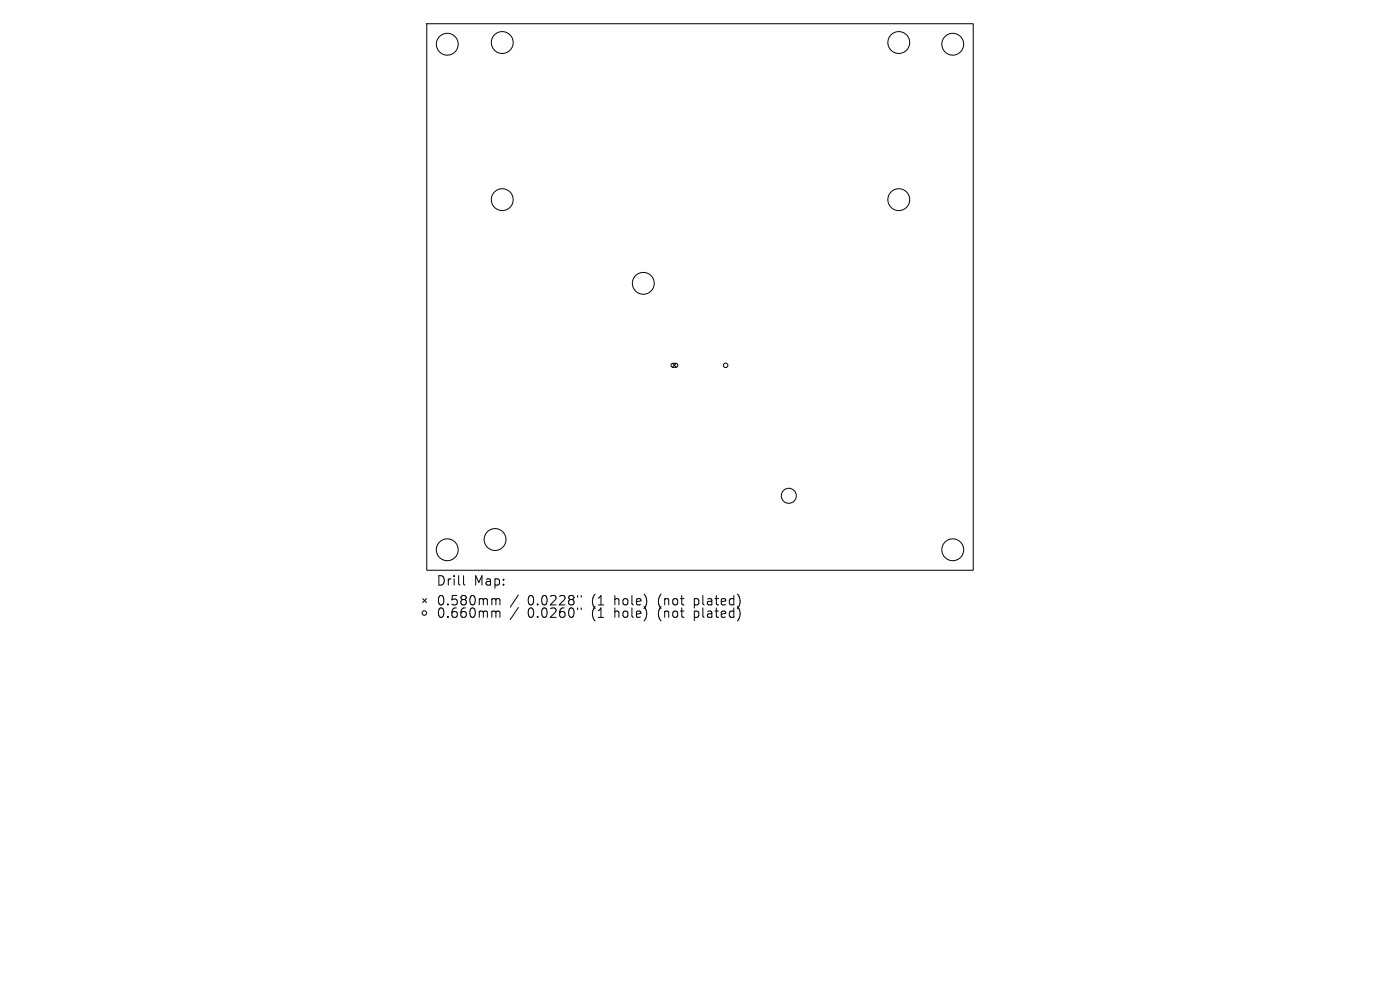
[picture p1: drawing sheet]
<svg xmlns="http://www.w3.org/2000/svg" width="297mm" height="210mm" viewBox="0 0 297 210" stroke-linecap="round" stroke-linejoin="round" font-family="sans-serif">
<defs><g id="words">
<g font-size="2.8">
<text x="92.5" y="124.5">Drill</text>
<text x="100.5" y="124.5">Map:</text>
<text x="92.5" y="128.7">0.580mm</text>
<text x="92.5" y="131.3">0.660mm</text>
<text x="111.9" y="128.7">0.0228&quot;</text>
<text x="111.9" y="131.3">0.0260&quot;</text>
<text x="125.7" y="128.7">(1</text>
<text x="125.7" y="131.3">(1</text>
<text x="130.6" y="128.7">hole)</text>
<text x="130.6" y="131.3">hole)</text>
<text x="140.1" y="128.7">(not</text>
<text x="140.1" y="131.3">(not</text>
<text x="147.9" y="128.7">plated)</text>
<text x="147.9" y="131.3">plated)</text>
</g>
</g></defs>
<g fill="none" stroke="#000" stroke-width=".21">
<path d="M90.5 5h116v116h-116zM142.5 77.2l1-.1 .3 .2v.3l-.4 .3h-.8l-.2-.3zM142.6 77.1l.9 .8M143.5 77.1l-.9 .8M89.7 127l.8 .8M90.5 127l-.8 .8M98.3 122.1v1.7l.3 .3M104.6 127l.5 .1 .1 .2M104.6 129.6h.3l.3 .3M105.2 127.3l.3-.3 .5 .1 .1 1.2M105.2 127.3v1M105.2 129.9v1.1"/>
<path d="M105.2 129.9l.3-.3 .5 .1 .1 1.3M110 126.2l-1.8 2.6M110 128.9l-1.8 2.5M122.5 126.3v.4M122.5 129v.3M123.3 126.3v.4M123.3 129v.3"/>
<circle cx="94.9" cy="9.4" r="2.32"/>
<circle cx="106.5" cy="9" r="2.32"/>
<circle cx="190.7" cy="9" r="2.32"/>
<circle cx="202.1" cy="9.4" r="2.32"/>
<circle cx="106.5" cy="42.4" r="2.32"/>
<circle cx="190.7" cy="42.4" r="2.32"/>
<circle cx="136.5" cy="60.1" r="2.32"/>
<circle cx="153.9" cy="77.5" r=".48"/>
<circle cx="94.9" cy="116.6" r="2.32"/>
<circle cx="105" cy="114.4" r="2.32"/>
<circle cx="167.3" cy="105.2" r="1.59"/>
<circle cx="202.1" cy="116.6" r="2.32"/>
<circle cx="90" cy="130" r=".48"/>
</g>
<use href="#words"/>
</svg>

→ DESCRIPTION OF THE TASK
Output the entries above verbatim, with no picture included.

→ WRITTEN ANSWER
[picture p1: drawing sheet]
<svg xmlns="http://www.w3.org/2000/svg" width="297mm" height="210mm" viewBox="0 0 297 210" stroke-linecap="round" stroke-linejoin="round" font-family="sans-serif">
<defs><g id="words">
<g font-size="2.8">
<text x="92.5" y="124.5">Drill</text>
<text x="100.5" y="124.5">Map:</text>
<text x="92.5" y="128.7">0.580mm</text>
<text x="92.5" y="131.3">0.660mm</text>
<text x="111.9" y="128.7">0.0228&quot;</text>
<text x="111.9" y="131.3">0.0260&quot;</text>
<text x="125.7" y="128.7">(1</text>
<text x="125.7" y="131.3">(1</text>
<text x="130.6" y="128.7">hole)</text>
<text x="130.6" y="131.3">hole)</text>
<text x="140.1" y="128.7">(not</text>
<text x="140.1" y="131.3">(not</text>
<text x="147.9" y="128.7">plated)</text>
<text x="147.9" y="131.3">plated)</text>
</g>
</g></defs>
<g fill="none" stroke="#000" stroke-width=".21">
<path d="M90.5 5h116v116h-116zM142.5 77.2l1-.1 .3 .2v.3l-.4 .3h-.8l-.2-.3zM142.6 77.1l.9 .8M143.5 77.1l-.9 .8M89.7 127l.8 .8M90.5 127l-.8 .8M98.3 122.1v1.7l.3 .3M104.6 127l.5 .1 .1 .2M104.6 129.6h.3l.3 .3M105.2 127.3l.3-.3 .5 .1 .1 1.2M105.2 127.3v1M105.2 129.9v1.1"/>
<path d="M105.2 129.9l.3-.3 .5 .1 .1 1.3M110 126.2l-1.8 2.6M110 128.9l-1.8 2.5M122.5 126.3v.4M122.5 129v.3M123.3 126.3v.4M123.3 129v.3"/>
<circle cx="94.9" cy="9.4" r="2.32"/>
<circle cx="106.5" cy="9" r="2.32"/>
<circle cx="190.7" cy="9" r="2.32"/>
<circle cx="202.1" cy="9.4" r="2.32"/>
<circle cx="106.5" cy="42.4" r="2.32"/>
<circle cx="190.7" cy="42.4" r="2.32"/>
<circle cx="136.5" cy="60.1" r="2.32"/>
<circle cx="153.9" cy="77.5" r=".48"/>
<circle cx="94.9" cy="116.6" r="2.32"/>
<circle cx="105" cy="114.4" r="2.32"/>
<circle cx="167.3" cy="105.2" r="1.59"/>
<circle cx="202.1" cy="116.6" r="2.32"/>
<circle cx="90" cy="130" r=".48"/>
</g>
<use href="#words"/>
</svg>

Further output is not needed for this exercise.